> **EXERCISE DESCRIPTION**: Please transcribe the listing below in full, exactly as written, leaving out its pictures.

> **SUPPLIED MATERIAL**:

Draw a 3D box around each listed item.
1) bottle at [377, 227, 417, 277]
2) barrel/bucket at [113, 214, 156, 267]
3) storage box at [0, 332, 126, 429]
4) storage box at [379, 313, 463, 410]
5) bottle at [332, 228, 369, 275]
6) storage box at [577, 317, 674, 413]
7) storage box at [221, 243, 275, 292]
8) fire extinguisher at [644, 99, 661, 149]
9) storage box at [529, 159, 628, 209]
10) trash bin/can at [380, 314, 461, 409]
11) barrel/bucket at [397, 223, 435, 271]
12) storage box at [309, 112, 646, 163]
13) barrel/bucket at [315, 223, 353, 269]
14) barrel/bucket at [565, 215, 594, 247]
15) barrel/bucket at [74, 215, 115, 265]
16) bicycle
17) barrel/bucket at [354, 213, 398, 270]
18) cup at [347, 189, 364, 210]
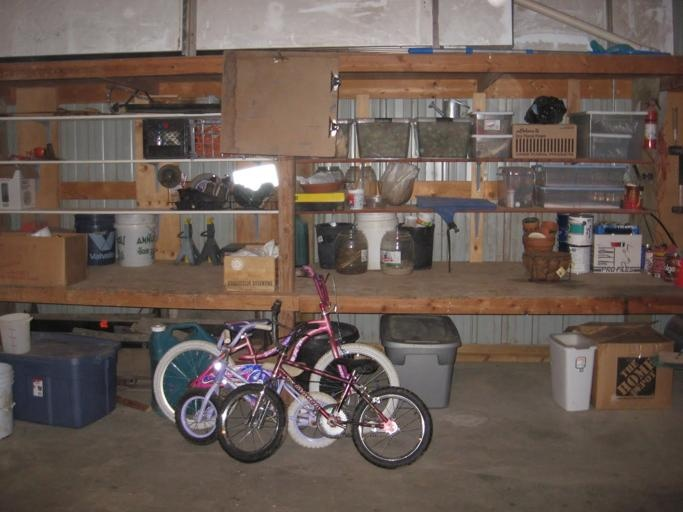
[{"bbox_3d":[0.497,-0.026,6.431,0.340,0.391,0.344,3,4,25],"label":"bottle"},{"bbox_3d":[-1.886,-0.179,6.880,0.349,0.547,0.366,-2,-3,0],"label":"barrel/bucket"},{"bbox_3d":[-2.197,0.985,5.931,0.815,0.492,0.556,5,4,13],"label":"storage box"},{"bbox_3d":[0.633,0.781,6.014,0.765,0.627,0.677,0,6,2],"label":"storage box"},{"bbox_3d":[0.081,-0.025,6.483,0.294,0.411,0.376,1,5,5],"label":"bottle"},{"bbox_3d":[2.311,0.883,6.140,0.632,0.630,0.650,-1,5,8],"label":"storage box"},{"bbox_3d":[-0.722,0.118,6.031,0.322,0.203,0.470,-1,8,0],"label":"storage box"},{"bbox_3d":[2.753,-1.175,6.598,0.091,0.420,0.238,2,5,33],"label":"fire extinguisher"},{"bbox_3d":[2.138,-0.629,6.772,0.581,0.286,0.434,0,5,2],"label":"storage box"},{"bbox_3d":[0.641,0.916,6.078,0.708,0.566,0.632,-1,5,-9],"label":"trash bin/can"},{"bbox_3d":[0.708,-0.096,6.737,0.368,0.411,0.368,0,9,0],"label":"barrel/bucket"},{"bbox_3d":[1.588,-1.054,6.617,2.296,0.454,0.273,-1,5,1],"label":"storage box"},{"bbox_3d":[-0.101,-0.108,6.821,0.374,0.388,0.379,0,8,0],"label":"barrel/bucket"},{"bbox_3d":[2.085,-0.220,6.533,0.247,0.282,0.249,1,0,0],"label":"barrel/bucket"},{"bbox_3d":[-2.241,-0.181,6.911,0.342,0.503,0.348,-3,2,0],"label":"barrel/bucket"},{"bbox_3d":[-0.539,0.949,6.004,2.530,1.593,1.049,4,-8,8],"label":"bicycle"},{"bbox_3d":[0.300,-0.154,6.886,0.432,0.491,0.440,0,5,0],"label":"barrel/bucket"},{"bbox_3d":[0.139,-0.510,6.624,0.150,0.184,0.199,-1,5,0],"label":"cup"}]

> **ANSWER SPACE**:
Draw a 3D box around each listed item.
1) bottle at [377, 227, 417, 277]
2) barrel/bucket at [113, 214, 156, 267]
3) storage box at [0, 332, 126, 429]
4) storage box at [379, 313, 463, 410]
5) bottle at [332, 228, 369, 275]
6) storage box at [577, 317, 674, 413]
7) storage box at [221, 243, 275, 292]
8) fire extinguisher at [644, 99, 661, 149]
9) storage box at [529, 159, 628, 209]
10) trash bin/can at [380, 314, 461, 409]
11) barrel/bucket at [397, 223, 435, 271]
12) storage box at [309, 112, 646, 163]
13) barrel/bucket at [315, 223, 353, 269]
14) barrel/bucket at [565, 215, 594, 247]
15) barrel/bucket at [74, 215, 115, 265]
16) bicycle
17) barrel/bucket at [354, 213, 398, 270]
18) cup at [347, 189, 364, 210]
[{"bbox_3d":[0.497,-0.026,6.431,0.340,0.391,0.344,3,4,25],"label":"bottle"},{"bbox_3d":[-1.886,-0.179,6.880,0.349,0.547,0.366,-2,-3,0],"label":"barrel/bucket"},{"bbox_3d":[-2.197,0.985,5.931,0.815,0.492,0.556,5,4,13],"label":"storage box"},{"bbox_3d":[0.633,0.781,6.014,0.765,0.627,0.677,0,6,2],"label":"storage box"},{"bbox_3d":[0.081,-0.025,6.483,0.294,0.411,0.376,1,5,5],"label":"bottle"},{"bbox_3d":[2.311,0.883,6.140,0.632,0.630,0.650,-1,5,8],"label":"storage box"},{"bbox_3d":[-0.722,0.118,6.031,0.322,0.203,0.470,-1,8,0],"label":"storage box"},{"bbox_3d":[2.753,-1.175,6.598,0.091,0.420,0.238,2,5,33],"label":"fire extinguisher"},{"bbox_3d":[2.138,-0.629,6.772,0.581,0.286,0.434,0,5,2],"label":"storage box"},{"bbox_3d":[0.641,0.916,6.078,0.708,0.566,0.632,-1,5,-9],"label":"trash bin/can"},{"bbox_3d":[0.708,-0.096,6.737,0.368,0.411,0.368,0,9,0],"label":"barrel/bucket"},{"bbox_3d":[1.588,-1.054,6.617,2.296,0.454,0.273,-1,5,1],"label":"storage box"},{"bbox_3d":[-0.101,-0.108,6.821,0.374,0.388,0.379,0,8,0],"label":"barrel/bucket"},{"bbox_3d":[2.085,-0.220,6.533,0.247,0.282,0.249,1,0,0],"label":"barrel/bucket"},{"bbox_3d":[-2.241,-0.181,6.911,0.342,0.503,0.348,-3,2,0],"label":"barrel/bucket"},{"bbox_3d":[-0.539,0.949,6.004,2.530,1.593,1.049,4,-8,8],"label":"bicycle"},{"bbox_3d":[0.300,-0.154,6.886,0.432,0.491,0.440,0,5,0],"label":"barrel/bucket"},{"bbox_3d":[0.139,-0.510,6.624,0.150,0.184,0.199,-1,5,0],"label":"cup"}]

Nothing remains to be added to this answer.